ICO Reminder: Disruptive Technology Has Risks

ICOs exploded on the scene in 2017, with several investors turning their donations into millions once the token went live on an exchange. This is the dream sequence for any ICO investor. However, it has become clear that due to the lack of regulation, the ICO space is riddled with scams and can often be an incredibly risky undertaking.

In September of 2017, ICO’s were banned by the Government of China being cited as disruptive to economic stability. Following the lead in early 2018, Facebook, Twitter and Google all banned the advertising of ICOs on their platforms. This resulted in a major blow to cryptocurrencies like ETH and BTC, often used to buy into an ICO.

To learn more about ICOs check out CoinSmart’s ICOs article on the GetSmart Hub.

Regardless, it’s important to recognize ICO tokens for what they are: a disruptive technology. Citing the disruptive nature of ICOs is like citing the disruptive nature of the Internet. Being disruptive is the point. ICOs allow for the funding of large scale projects within a matter of minutes, which is something difficult to ignore.

Anyone can participate and the exchange of funds is completely secure without the need of a centralized authority overlooking everything, as given by the nature of the blockchain ledger. In this spirit, those who wish to participate must learn to pick out the diamonds in the rough. Here are some ways to help determine legitimate ICOs from the scams, using its publishedwhitepaper:

  • Make sure the goals of the ICO have been clearly defined and are specific.
  • Ensure the transparency of the project. Does the whitepaper disclose important details like all the personnel involved, the location of the project, set timelines, business plans, etc?
  • Check for the use of legal terms and conditions in the whitepaper. Since regulations are still up in the air, the inclusion of legal language can show the willingness of an ICO company to adhere to future regulatory oversight.
  • Escrow Wallets are used to store the incoming funds. These are wallets with multiple private keys to access the funds generated from the ICO. Usually, if a neutral third party is in control of one of these keys, the legitimacy of the ICO is more valid.

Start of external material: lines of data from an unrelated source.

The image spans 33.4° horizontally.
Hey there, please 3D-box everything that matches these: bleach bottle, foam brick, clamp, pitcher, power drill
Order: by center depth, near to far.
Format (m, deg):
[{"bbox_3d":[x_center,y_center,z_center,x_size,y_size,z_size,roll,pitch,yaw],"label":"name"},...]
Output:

Choosing to invest in crypto and ICOs or avoid them altogether is a decision that investors must make for themselves.

Despite the volatile and speculative nature of ICOs and cryptocurrency, there are signs that growth will march on as more people and organizations embrace the use of digital currency.

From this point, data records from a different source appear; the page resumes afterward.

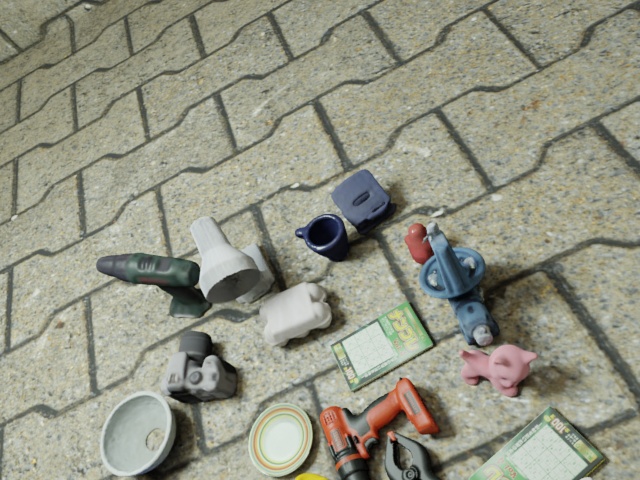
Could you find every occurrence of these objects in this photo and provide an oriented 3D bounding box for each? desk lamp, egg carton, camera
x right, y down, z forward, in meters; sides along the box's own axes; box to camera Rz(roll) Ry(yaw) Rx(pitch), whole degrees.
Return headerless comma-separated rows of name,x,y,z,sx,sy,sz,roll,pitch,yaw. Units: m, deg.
desk lamp,-0.188,0.054,1.208,0.118,0.214,0.202,-33,51,2
egg carton,-0.050,0.152,1.172,0.150,0.070,0.107,-25,52,8
camera,-0.252,0.255,1.179,0.143,0.101,0.137,-11,55,19

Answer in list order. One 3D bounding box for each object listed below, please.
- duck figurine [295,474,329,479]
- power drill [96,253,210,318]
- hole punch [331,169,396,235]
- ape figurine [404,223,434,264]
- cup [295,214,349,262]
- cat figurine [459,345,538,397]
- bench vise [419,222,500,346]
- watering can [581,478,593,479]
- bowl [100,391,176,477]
duck figurine,-0.012,0.433,0.957,0.077,0.086,0.104,-46,52,-8
power drill,-0.344,0.096,1.258,0.229,0.209,0.075,-3,58,24
hole punch,0.095,-0.085,1.246,0.108,0.091,0.100,-37,51,-2
ape figurine,0.201,0.000,1.139,0.077,0.092,0.076,16,67,33
cup,0.011,0.004,1.224,0.117,0.095,0.092,1,60,26
cat figurine,0.291,0.205,0.944,0.127,0.118,0.067,10,64,30
bench vise,0.248,0.070,0.988,0.121,0.220,0.206,-39,51,-3
watering can,0.397,0.385,0.725,0.172,0.195,0.101,19,68,34
bowl,-0.350,0.394,1.149,0.167,0.075,0.167,-12,55,18

It’s no surprise then that according to CryptoSlate “the total number of cryptocurrency funds has skyrocketed over the first half of 2018, surging to more than 225 from just 58 at the end of 2017.”

The bottom line is that cryptocurrency and ICO investments are subject to risk, just like every other aspect of investing. Risk-averse investors might decide there’s too much indecision while high-risk investors might see opportunities to leverage volatility. It’s all completely up to you and the investment strategy you feel most comfortable with.